Increase in the average rates not significant, says Indian Hotels CEO Puneet Chhatwal

Update on the Indian Equity Market:

On Wednesday, NIFTY50 closed 0.5% higher at 12,225. NIFTY50 gainers includes M&M (+3.6%), Sun Pharma (+2.5%), and JSW Steel (+2.1%). NIFTY50 losers includes Tata motors (-2.9%), GAIL (-2.1%) and Grasim (-1.9%). Pharma (+1.2), and Media (+0.8%) were the top sectoral gainers. PSU Banks (-1.9) and Media (-0.4%) were the only losing sectors.
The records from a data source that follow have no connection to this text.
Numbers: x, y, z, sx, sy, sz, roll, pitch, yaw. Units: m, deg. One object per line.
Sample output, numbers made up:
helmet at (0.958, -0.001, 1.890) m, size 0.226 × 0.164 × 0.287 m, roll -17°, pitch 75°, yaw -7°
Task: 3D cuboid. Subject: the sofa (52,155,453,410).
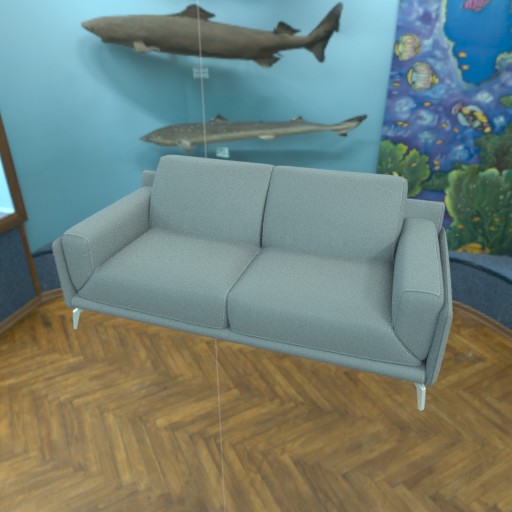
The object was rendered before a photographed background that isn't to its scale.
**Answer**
sofa at (0.000, 0.000, 2.600) m, size 2.100 × 0.900 × 0.969 m, roll 9°, pitch 29°, yaw 16°
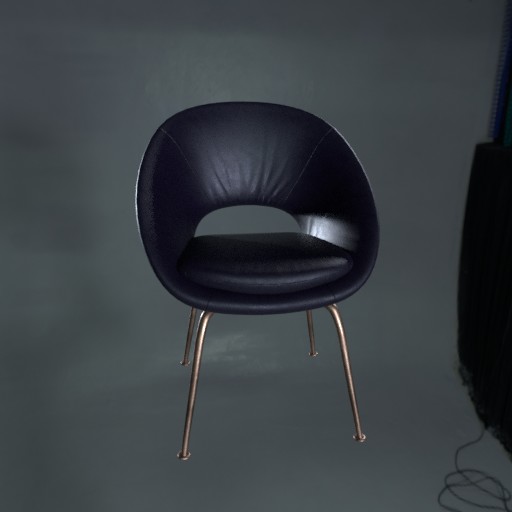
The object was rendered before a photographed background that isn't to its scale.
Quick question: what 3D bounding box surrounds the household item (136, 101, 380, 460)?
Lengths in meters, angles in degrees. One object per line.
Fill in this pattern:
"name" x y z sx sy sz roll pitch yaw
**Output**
"household item" 0.000 0.000 1.248 0.623 0.852 0.573 -2 16 -8
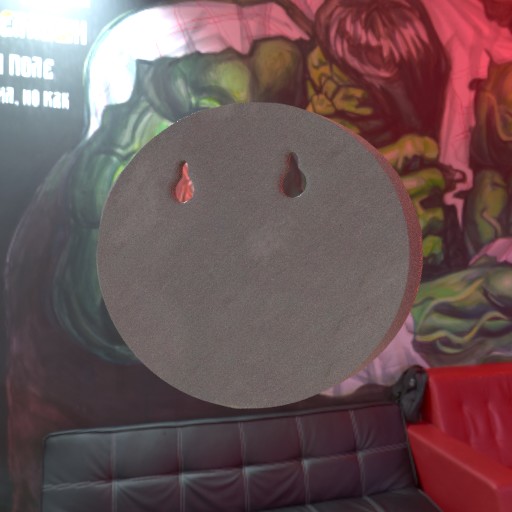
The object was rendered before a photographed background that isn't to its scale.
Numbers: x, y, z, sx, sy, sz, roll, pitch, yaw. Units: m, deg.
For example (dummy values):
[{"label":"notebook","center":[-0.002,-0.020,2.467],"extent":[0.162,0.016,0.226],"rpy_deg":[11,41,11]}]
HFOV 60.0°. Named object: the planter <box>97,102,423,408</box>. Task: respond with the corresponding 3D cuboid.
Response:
[{"label":"planter","center":[0.000,0.000,0.271],"extent":[0.190,0.164,0.073],"rpy_deg":[0,-1,18]}]
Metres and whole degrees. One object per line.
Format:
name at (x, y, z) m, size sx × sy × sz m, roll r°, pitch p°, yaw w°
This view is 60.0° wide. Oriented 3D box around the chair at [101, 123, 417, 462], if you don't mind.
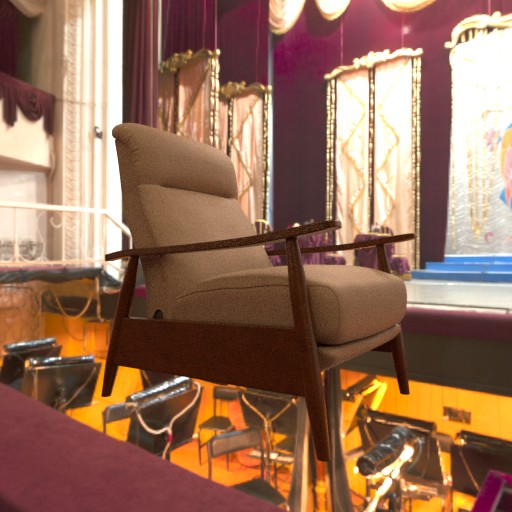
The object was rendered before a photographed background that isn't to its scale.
chair at (0.000, 0.000, 1.736) m, size 1.030 × 1.082 × 0.762 m, roll 0°, pitch -1°, yaw 36°
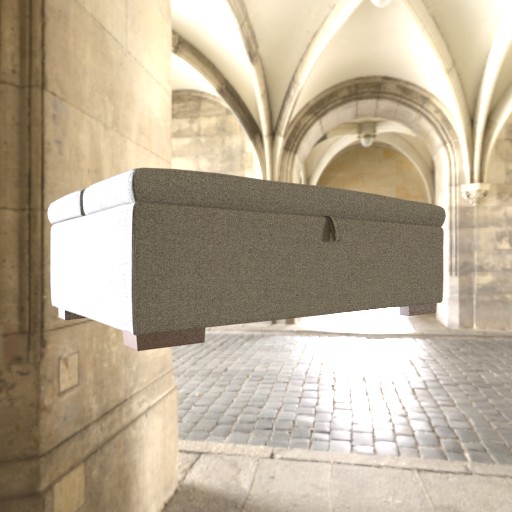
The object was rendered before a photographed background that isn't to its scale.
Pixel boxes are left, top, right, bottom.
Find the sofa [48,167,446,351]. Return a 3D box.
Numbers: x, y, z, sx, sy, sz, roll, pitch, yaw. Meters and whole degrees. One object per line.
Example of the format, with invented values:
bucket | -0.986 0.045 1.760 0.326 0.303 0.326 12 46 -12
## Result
sofa | 0.000 0.000 1.621 1.250 0.434 0.817 0 -1 -37
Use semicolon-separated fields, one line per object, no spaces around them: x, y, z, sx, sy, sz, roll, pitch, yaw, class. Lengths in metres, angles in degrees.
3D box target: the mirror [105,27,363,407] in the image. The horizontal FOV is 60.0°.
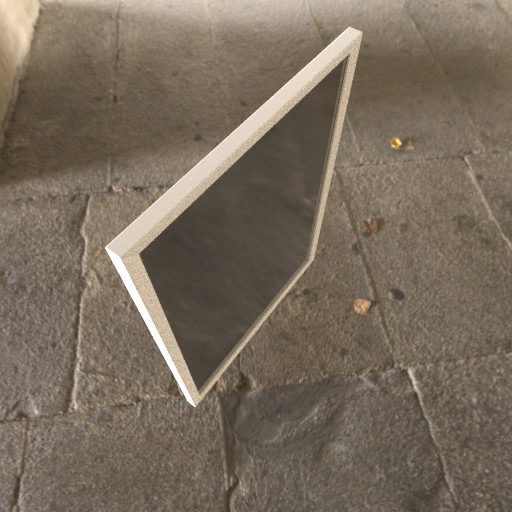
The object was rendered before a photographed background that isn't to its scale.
0.000;0.000;1.299;0.040;1.016;0.762;33;64;18;mirror

Excerpts from an interview with Mr Chhatwal, CEO, Indian Hotels. The interview was published in Livemint dated 18th December 2019

  • IH has a lot of last-minute pick-ups and till now the demand has been holding quite well. The volumes are okay. What has not done so well this year is the increase in the average rates.
  • IH has come from such a low base and there has been the GST reduction since 1st October, but the rate increases are not as evident as all of them would like to see.
  • Weddings are recession proof so weddings happen and they happen this time of the year, so they do fill-up the hotels.
  • Similar is the case in all those religious circuits that they are strong in. They just opened hotel in Tirupati, so if people have to go to Tirupati they will go to IH. According to him, the unrest in the North-East or in Delhi won’t have an impact on this kind of business.
  • Their backbone is really the Taj brand and on the luxury segment, whether it is chauffeur driven cars or it is hotels, disruption has not really played a significant role. They announced the opening of the 50th Ginger and they have repositioned the Ginger brand.
  • This year started with the terror attack in Sri Lanka. They have three properties there so they went down. Colombo has bounced back quite well, Bentota has not. It is hopefully coming because now it is the season time. The year before that there was the political unrest in Maldives.
  • London has been very strong, New York and  San Francisco has been strong. Cape Town has problems or challenges both politically as well as with water availability. If you have a larger portfolio, large footprint, it balances out.
  • Opening hotels is definitely on their agenda. They have guided that IH will open a hotel a month, they are ahead on that too. They will open 12 hotels this year and this number may even increase to more than a hotel a month across all IH brands.
  • Their own capex has been limited to either renovating their most iconic asset in Delhi, the Mansingh, or bringing to life in 3-4 months the Connaught and that is where IH is putting in capex. Otherwise, it is normal capex, which is 4-5% of total revenue.
  • When IH builds new destinations like they built Goa as a destination 40-50 years ago, it took 3-4 years but then now everybody breaks even in Goa very fast. Now they are doing the same with Andaman with Havelock.
  • They are actually at 19% EBITDA margins for this year, year-to-date and the second half is more important. One is that 60% of revenues come from there and the margins are much higher in the second half.
  • IH is definitely looking at a further improvement and improvement has been almost 600 basis points in the first half so that is very positive news. 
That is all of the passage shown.